The system’s structured, parameter-first workflow led to substantive gains in hypothesis implementability and originality over baseline LLMs, which tended to generate more generic, less actionable ideas.
Qualitative User Study
Expert users highlighted three major themes:
- Grounded Trust: Confidence was enhanced by traceable, literature-backed reasoning.
- Operationalization Support: Users benefited from systematic translation of intuition into simulator-ready designs.
- Mechanistic Scaffolding: The system’s explicit causal and behavioral mapping facilitated deeper engagement with theory.
Users also noted practical challenges—mainly simulation latency, opacity of intermediate states, and some limitations in long-horizon dialogue continuity.
Practical Demonstration: Real-Session Case Study
A typical session began with a high-level intuition regarding the effects of innovation-support policy on household consumption. AgentEconomist retrieved peer-reviewed economic studies, synthesized mechanisms, and automatically built a controlled experiment contrasting innovation policy activation.
Figure 5: Innovation-support policy drives positive income and consumption dynamics in simulation, in line with theoretical predictions.

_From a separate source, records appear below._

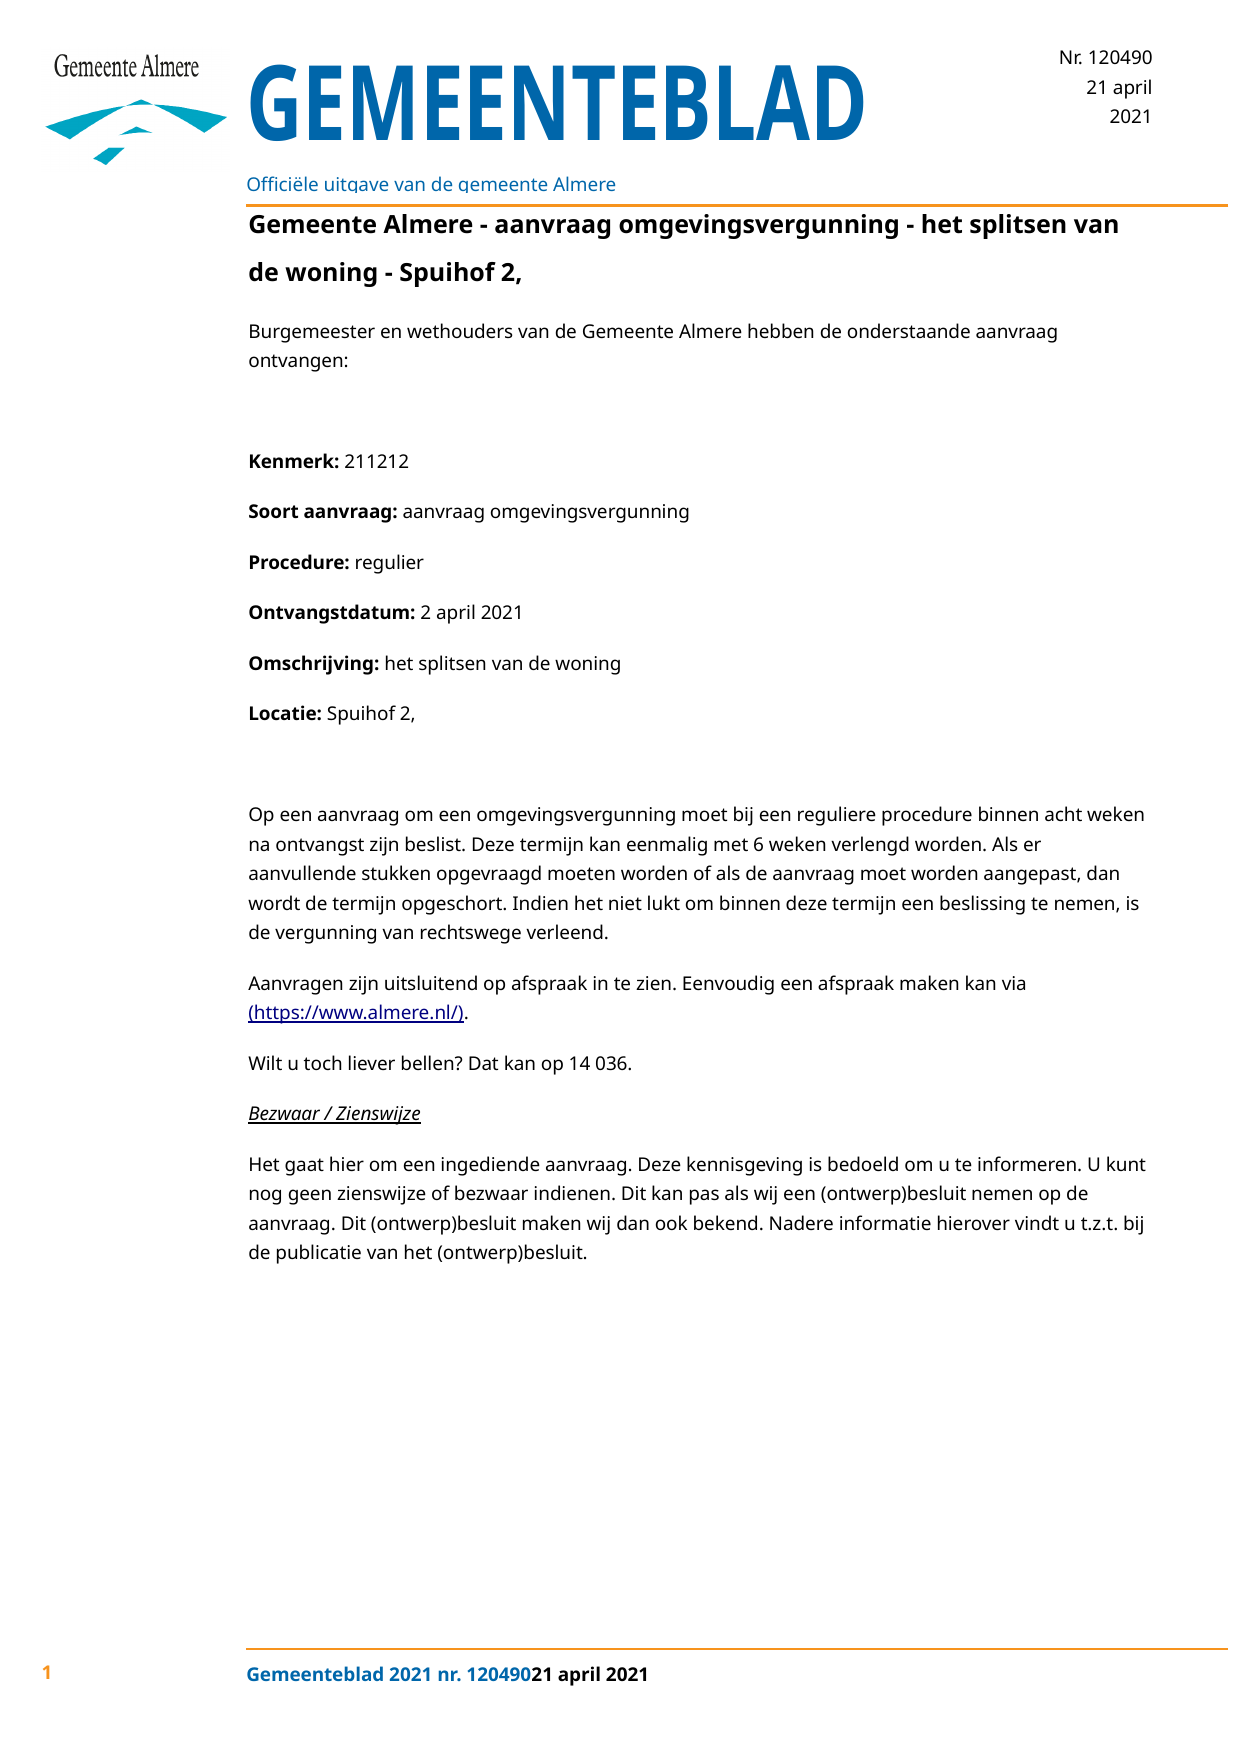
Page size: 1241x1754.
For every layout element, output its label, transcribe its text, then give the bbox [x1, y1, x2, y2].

text Soort aanvraag: aanvraag omgevingsvergunning [248, 499, 1152, 524]
text Het gaat hier om een ingediende aanvraag. Deze kennisgeving is bedoeld om u te informeren. U kunt nog geen zienswijze of bezwaar indienen. Dit kan pas als wij een (ontwerp)besluit nemen op de aanvraag. Dit (ontwerp)besluit maken wij dan ook bekend. Nadere informatie hierover vindt u t.z.t. bij de publicatie van het (ontwerp)besluit. [248, 1151, 1152, 1265]
text Omschrijving: het splitsen van de woning [248, 650, 1152, 676]
text Aanvragen zijn uitsluitend op afspraak in te zien. Eenvoudig een afspraak maken kan via (https://www.almere.nl/). [248, 970, 1152, 1025]
text Bezwaar / Zienswijze [248, 1100, 1152, 1126]
text Ontvangstdatum: 2 april 2021 [248, 599, 1152, 625]
text Gemeente Almere - aanvraag omgevingsvergunning - het splitsen van de woning - Spuihof 2, [248, 207, 1152, 288]
text Kenmerk: 211212 [248, 448, 1152, 474]
text Burgemeester en wethouders van de Gemeente Almere hebben de onderstaande aanvraag ontvangen: [248, 318, 1152, 373]
text Procedure: regulier [248, 549, 1152, 575]
text Locatie: Spuihof 2, [248, 700, 1152, 726]
text Wilt u toch liever bellen? Dat kan op 14 036. [248, 1050, 1152, 1076]
text Op een aanvraag om een omgevingsvergunning moet bij een reguliere procedure binnen acht weken na ontvangst zijn beslist. Deze termijn kan eenmalig met 6 weken verlengd worden. Als er aanvullende stukken opgevraagd moeten worden of als de aanvraag moet worden aangepast, dan wordt de termijn opgeschort. Indien het niet lukt om binnen deze termijn een beslissing te nemen, is de vergunning van rechtswege verleend. [248, 801, 1152, 945]
picture [41, 47, 231, 172]

Results demonstrated measurable impacts under policy change (e.g., +4.3% consumption, +27.9% income, +21.7% wealth in the treatment group), generating interpretable, mechanism-consistent emergent outcomes. The system maintained a transparent, iterative process with full artifact traceability and user parameterization control.
Theoretical and Practical Implications
AgentEconomist’s architecture exemplifies a shift from generic, outcome-focused LLM automation to domain-grounded, process-oriented co-piloting. By tightly coupling hypothesis formation to simulation feasibility and leveraging explicit, literature-informed design, it enables high-throughput, iterative research in complex economic domains.

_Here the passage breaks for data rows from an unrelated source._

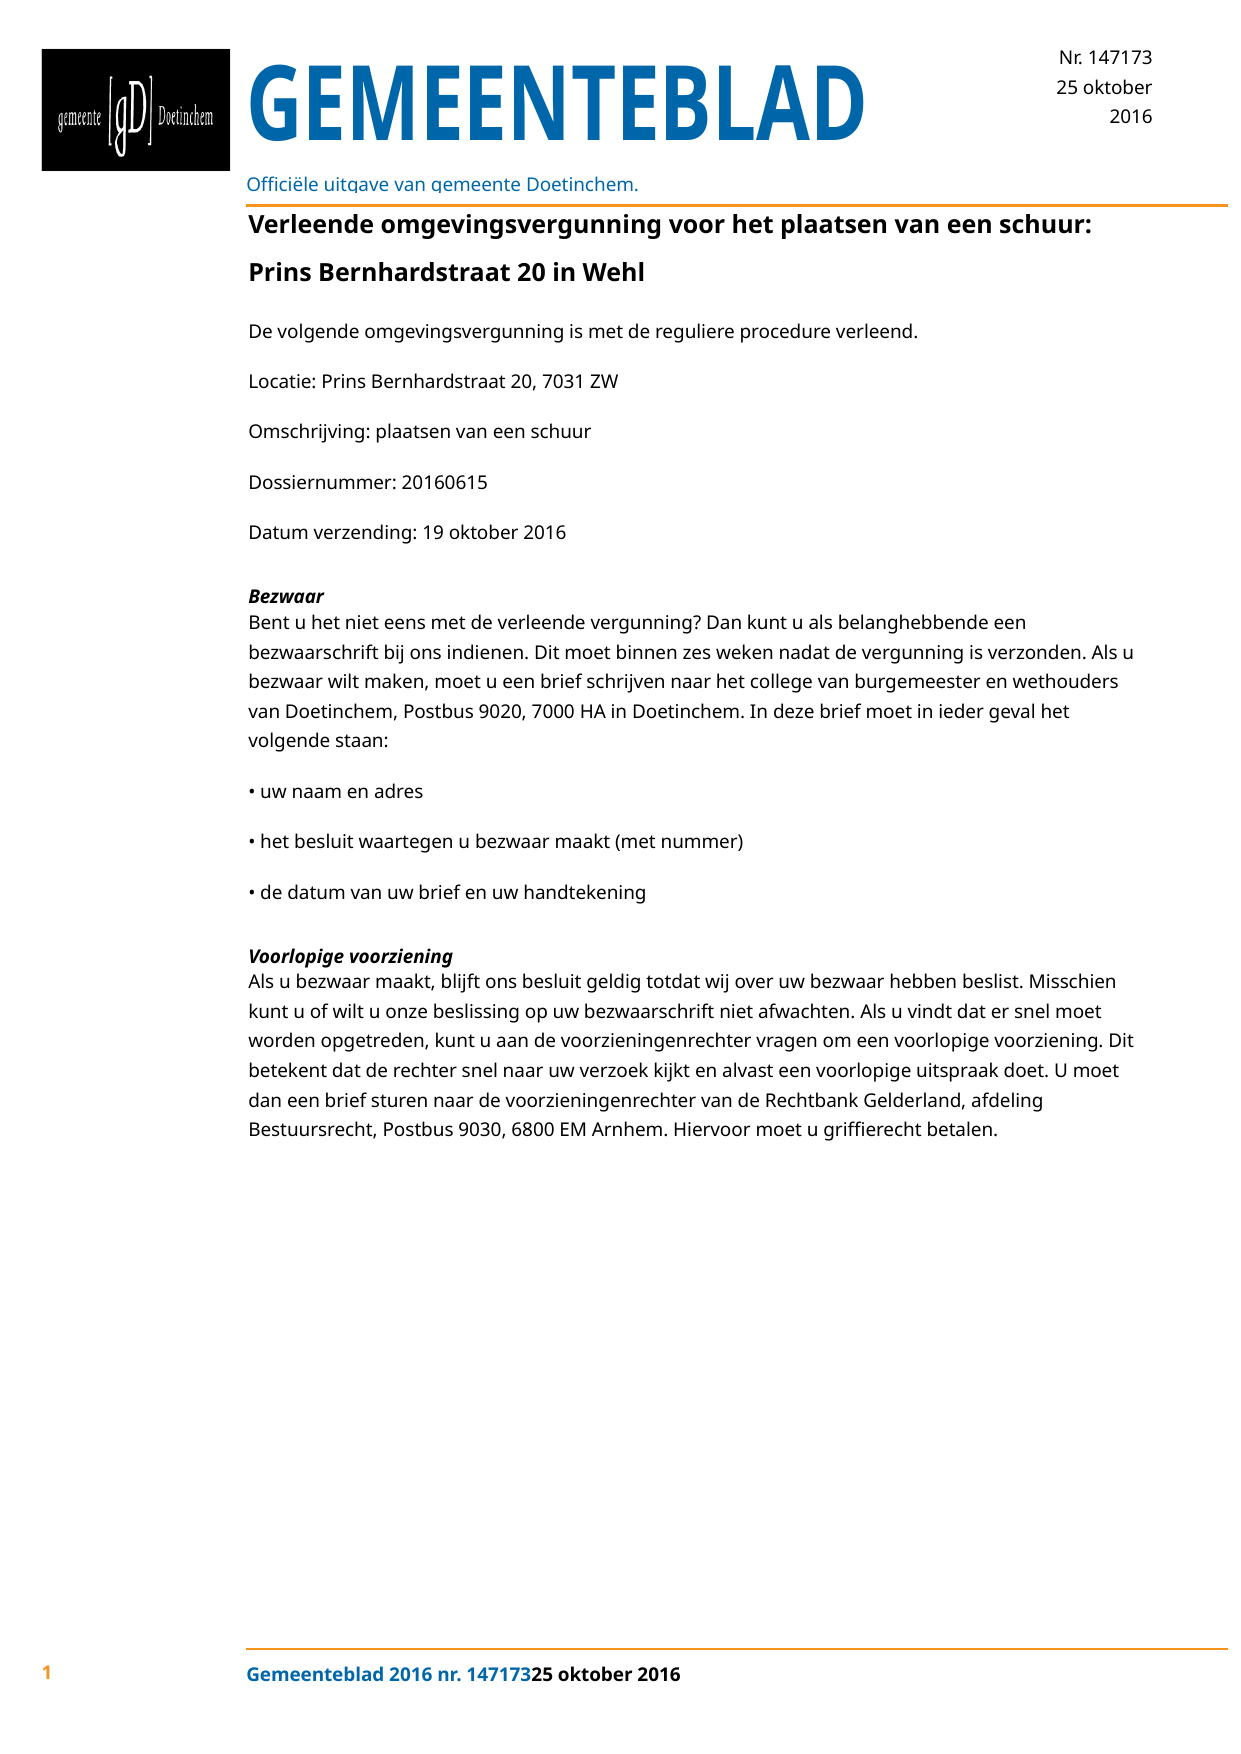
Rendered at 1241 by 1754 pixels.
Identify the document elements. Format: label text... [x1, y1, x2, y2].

text • uw naam en adres [248, 778, 1152, 804]
text Voorlopige voorziening [248, 943, 1152, 968]
text Dossiernummer: 20160615 [248, 469, 1152, 495]
text • het besluit waartegen u bezwaar maakt (met nummer) [248, 828, 1152, 854]
text • de datum van uw brief en uw handtekening [248, 879, 1152, 904]
text Als u bezwaar maakt, blijft ons besluit geldig totdat wij over uw bezwaar hebben beslist. Misschien kunt u of wilt u onze beslissing op uw bezwaarschrift niet afwachten. Als u vindt dat er snel moet worden opgetreden, kunt u aan de voorzieningenrechter vragen om een voorlopige voorziening. Dit betekent dat de rechter snel naar uw verzoek kijkt en alvast een voorlopige uitspraak doet. U moet dan een brief sturen naar de voorzieningenrechter van de Rechtbank Gelderland, afdeling Bestuursrecht, Postbus 9030, 6800 EM Arnhem. Hiervoor moet u griffierecht betalen. [248, 968, 1152, 1142]
text Bezwaar [248, 583, 1152, 609]
text Verleende omgevingsvergunning voor het plaatsen van een schuur: Prins Bernhardstraat 20 in Wehl [248, 207, 1152, 288]
picture [41, 47, 231, 172]
text Locatie: Prins Bernhardstraat 20, 7031 ZW [248, 368, 1152, 394]
text Datum verzending: 19 oktober 2016 [248, 519, 1152, 545]
text De volgende omgevingsvergunning is met de reguliere procedure verleend. [248, 318, 1152, 344]
text Bent u het niet eens met de verleende vergunning? Dan kunt u als belanghebbende een bezwaarschrift bij ons indienen. Dit moet binnen zes weken nadat de vergunning is verzonden. Als u bezwaar wilt maken, moet u een brief schrijven naar het college van burgemeester en wethouders van Doetinchem, Postbus 9020, 7000 HA in Doetinchem. In deze brief moet in ieder geval het volgende staan: [248, 609, 1152, 753]
text Omschrijving: plaatsen van een schuur [248, 419, 1152, 444]

Practically, the system reduces the technical and cognitive overhead for experiment design, accelerates hypothesis vetting, and offers reusable epistemic documentation for cumulative exploration. Theoretically, the explicit modeling of human–agent complementarity, structured memory, and MCP-based execution orchestration provides a blueprint for next-generation scientific automation infrastructure across other domains requiring high interpretability and domain-specific rigor.
Conclusion
AgentEconomist operationalizes end-to-end, literature-grounded translation of uncertain economic intuition into executable simulation experiments with human-centered interpretability and control. Its empirical superiority in hypothesis quality—especially in literature grounding and novelty—demonstrates the value of tight domain coupling and structured, iterative workflows for computational social science. The system provides a robust template for AI-accelerated scientific discovery infrastructure, advocating for epistemic scaffolding and collaboration rather than opaque automation. Future work should further optimize system responsiveness, expand empirical evaluation, and generalize principles for other domains where interpretability, traceability, and iterative refinement are critical.